#### [ENTRIES PROVIDED]
○ ○ ○ ○ ○ ○ ○

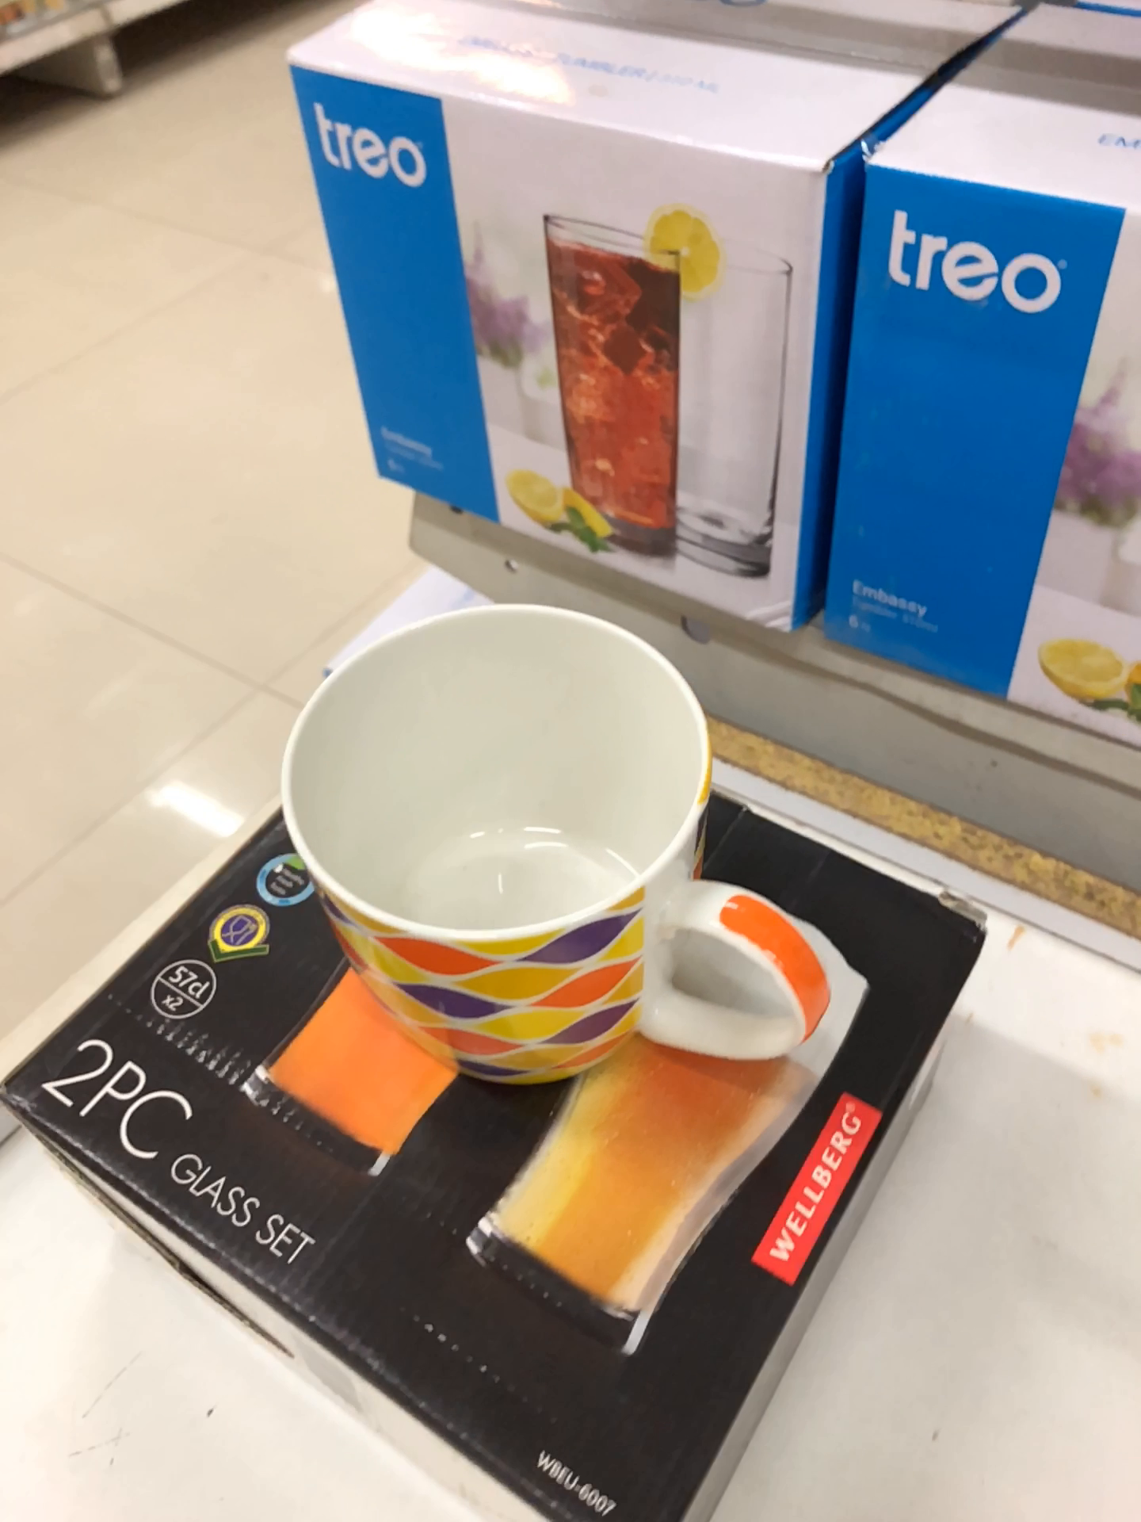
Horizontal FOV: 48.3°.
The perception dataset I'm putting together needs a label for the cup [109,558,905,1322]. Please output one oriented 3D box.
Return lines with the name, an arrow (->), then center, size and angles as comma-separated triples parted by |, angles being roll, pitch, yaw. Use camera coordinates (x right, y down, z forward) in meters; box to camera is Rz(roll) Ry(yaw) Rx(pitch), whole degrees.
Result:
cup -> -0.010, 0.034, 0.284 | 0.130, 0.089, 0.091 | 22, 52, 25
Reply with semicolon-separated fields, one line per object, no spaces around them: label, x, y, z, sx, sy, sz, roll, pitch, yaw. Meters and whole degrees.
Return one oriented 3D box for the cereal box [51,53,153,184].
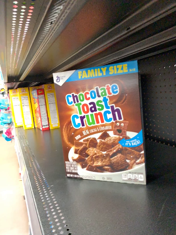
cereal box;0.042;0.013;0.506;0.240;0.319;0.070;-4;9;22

○ ○ ○ ○ ○ ○ ○

Reprint the entries above exactly, images removed.

#### [OUTPUT OF THE EXERCISE]
Horizontal FOV: 48.3°.
The perception dataset I'm putting together needs a label for the cup [109,558,905,1322]. Please output one oriented 3D box.
Return lines with the name, an arrow (->), then center, size and angles as comma-separated triples parted by |, angles being roll, pitch, yaw. Use camera coordinates (x right, y down, z forward) in meters; box to camera is Rz(roll) Ry(yaw) Rx(pitch), whole degrees.
Result:
cup -> -0.010, 0.034, 0.284 | 0.130, 0.089, 0.091 | 22, 52, 25
Reply with semicolon-separated fields, one line per object, no spaces around them: label, x, y, z, sx, sy, sz, roll, pitch, yaw. Meters and whole degrees.
Return one oriented 3D box for the cereal box [51,53,153,184].
cereal box;0.042;0.013;0.506;0.240;0.319;0.070;-4;9;22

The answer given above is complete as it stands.